Pictures are to be left out, and only the lines below starting at the one with "Task: Locate the" and ending at the one with "Locate the table" are to be reproduced, each exactly, both ends included.

## Records for the task
#####

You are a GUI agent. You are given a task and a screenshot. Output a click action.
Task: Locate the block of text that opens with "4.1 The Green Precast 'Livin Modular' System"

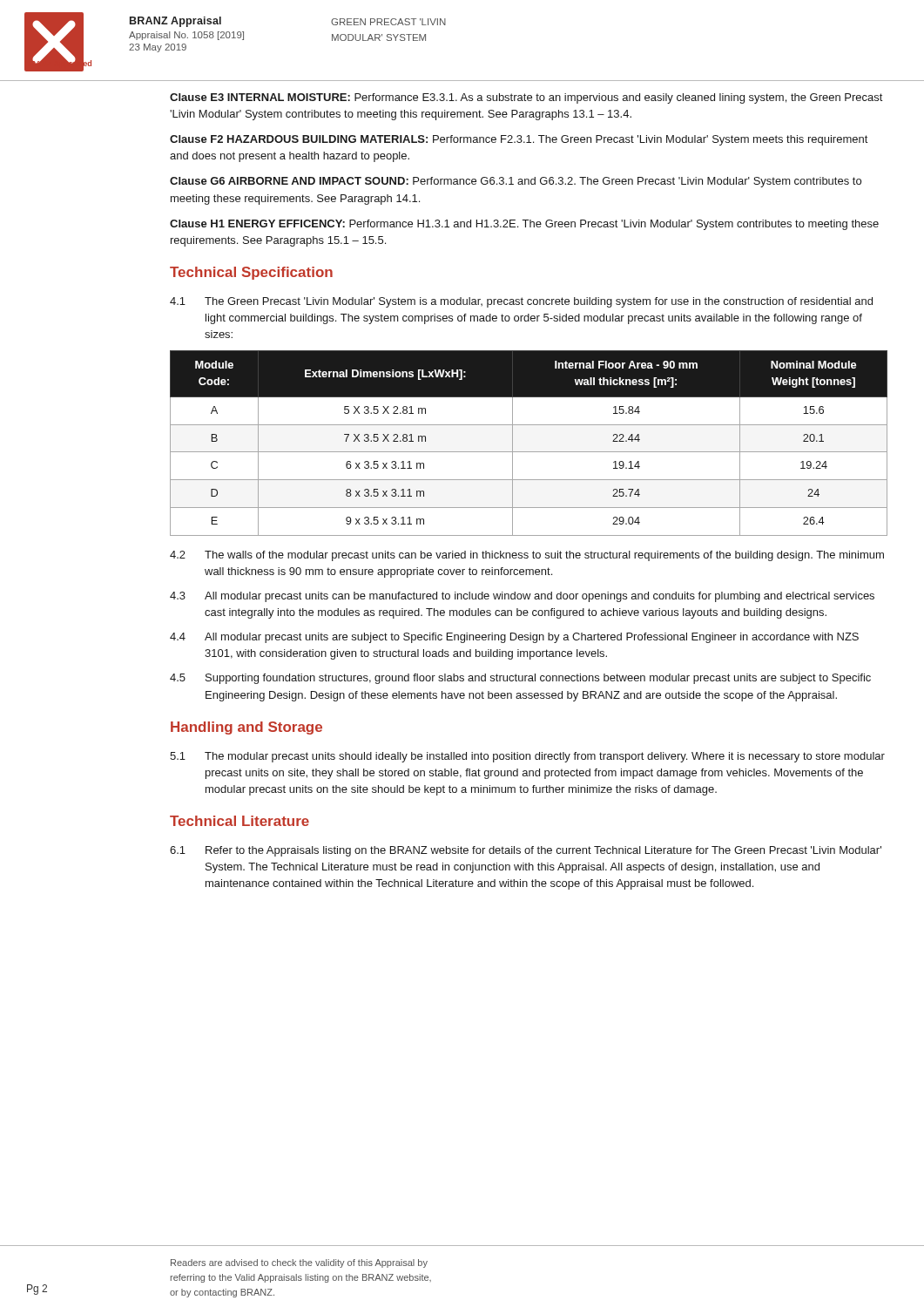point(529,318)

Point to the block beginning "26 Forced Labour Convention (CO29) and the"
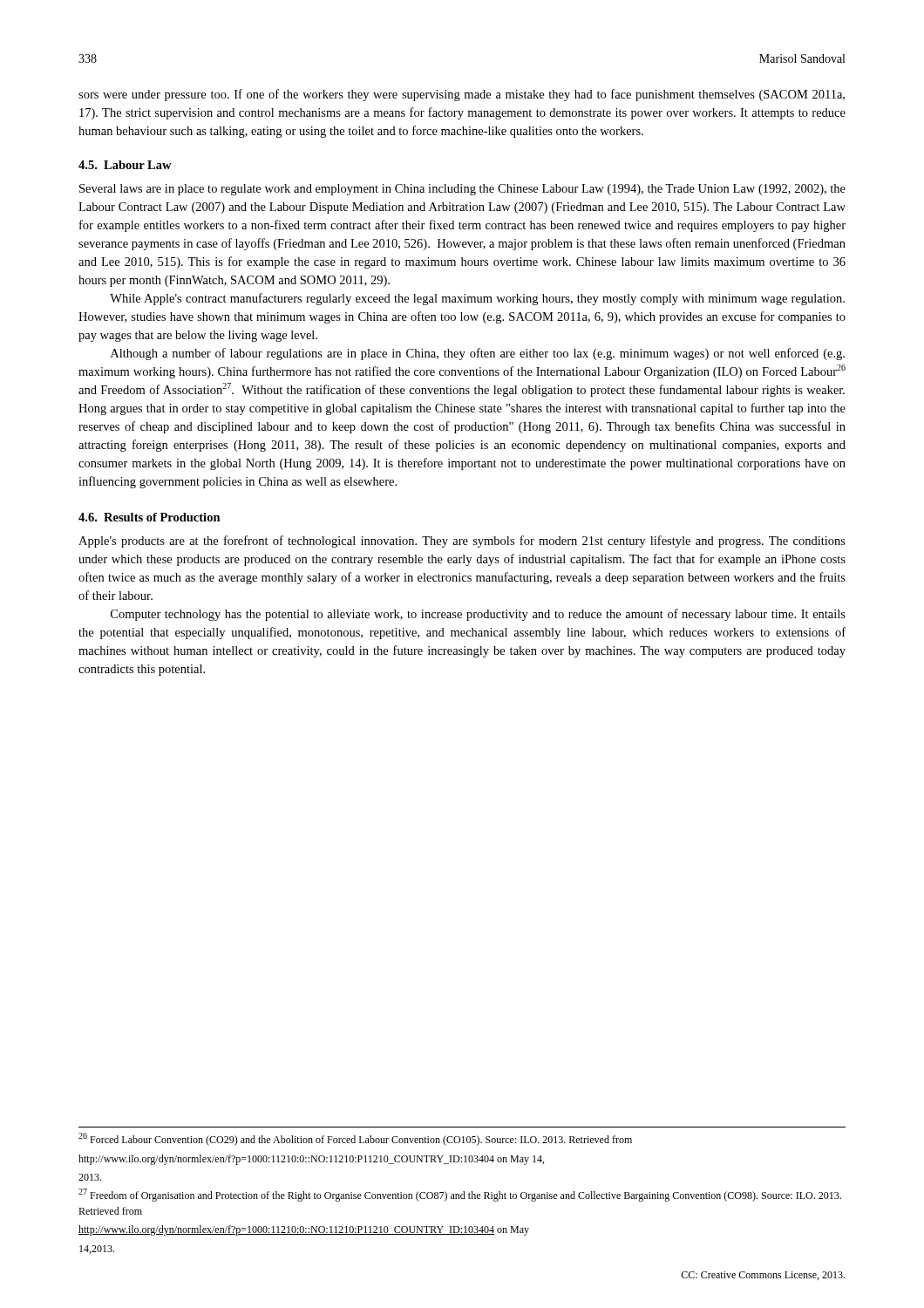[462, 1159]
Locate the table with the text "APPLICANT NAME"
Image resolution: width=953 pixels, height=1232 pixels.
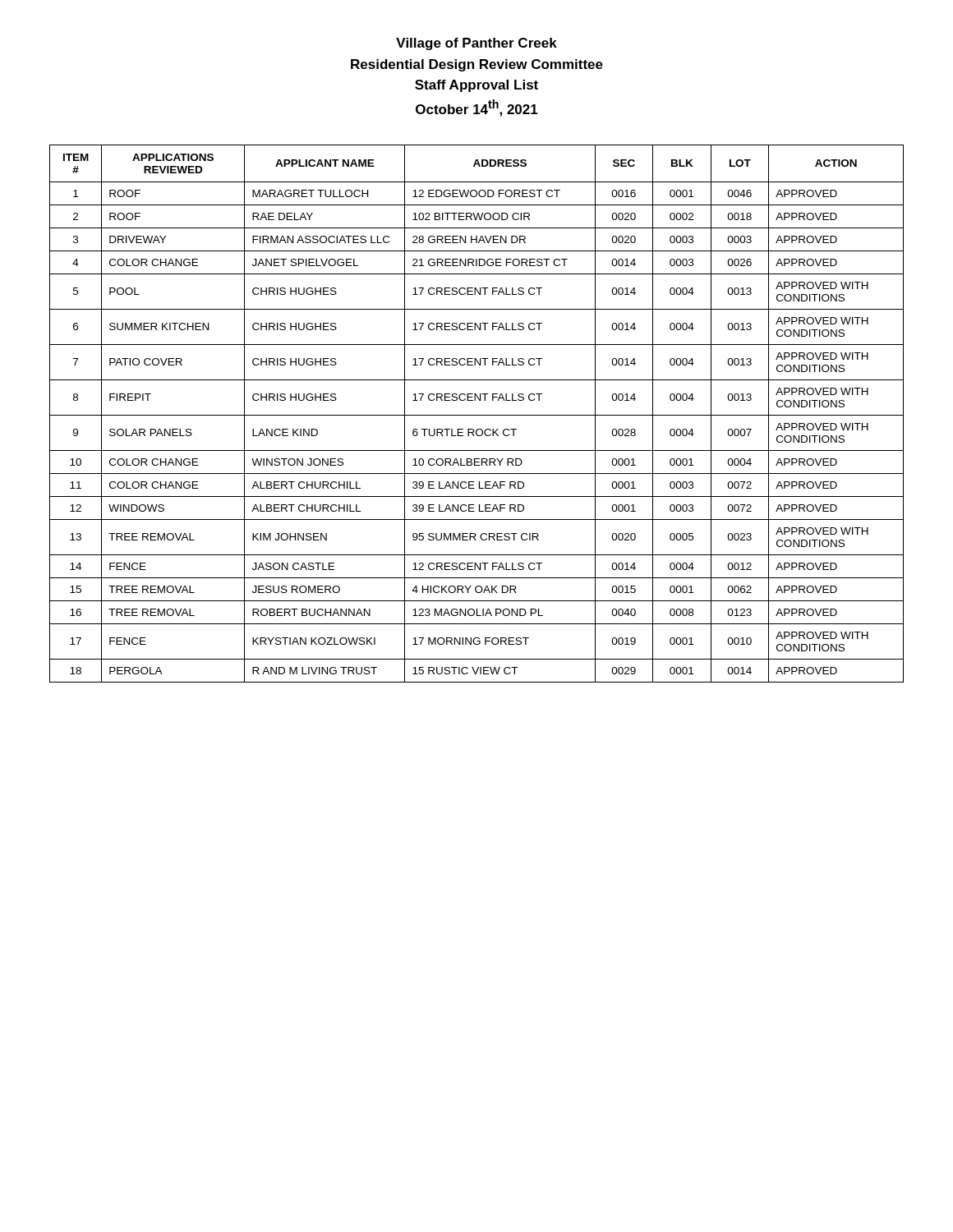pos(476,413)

#####

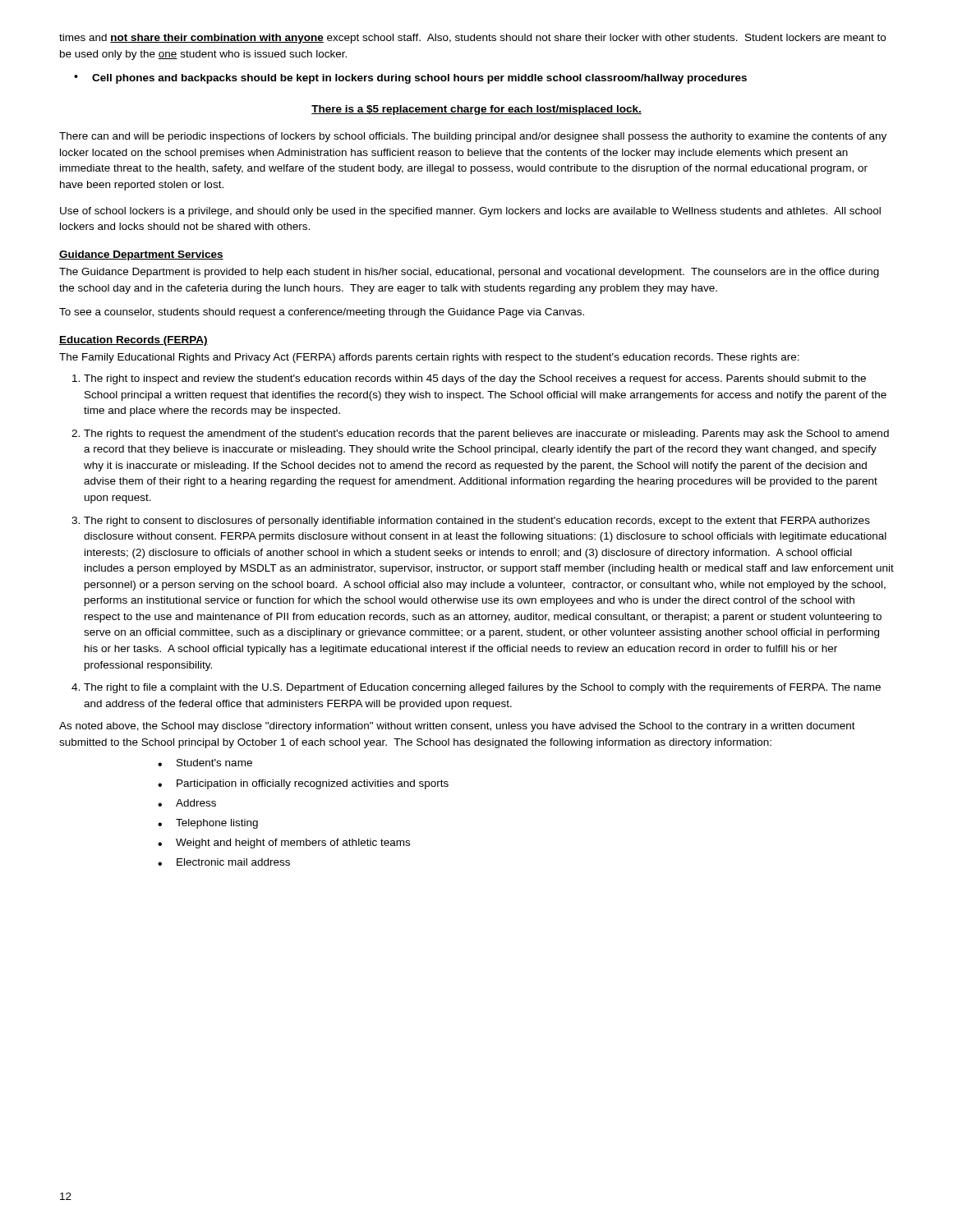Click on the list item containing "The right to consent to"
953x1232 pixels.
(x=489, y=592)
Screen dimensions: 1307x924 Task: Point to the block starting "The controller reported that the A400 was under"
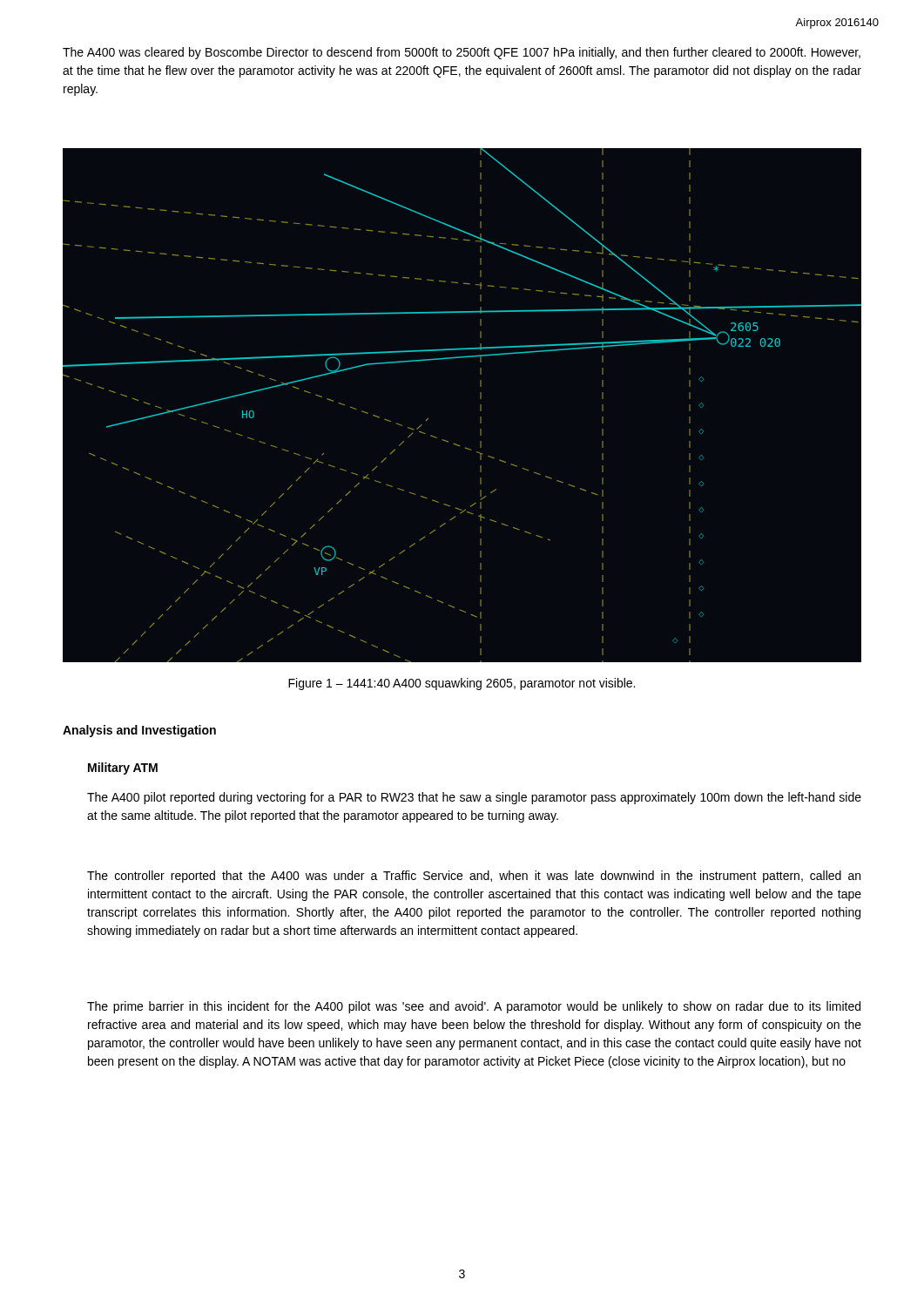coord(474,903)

#####

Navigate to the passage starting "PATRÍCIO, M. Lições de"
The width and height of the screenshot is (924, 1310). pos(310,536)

#####

## Solution
Task: Locate the block of text that opens with "4.1 The Green Precast 'Livin Modular' System"

point(529,318)

Point to the block beginning "26 Forced Labour Convention (CO29) and the"
[462, 1159]
Locate the table with the text "APPLICANT NAME"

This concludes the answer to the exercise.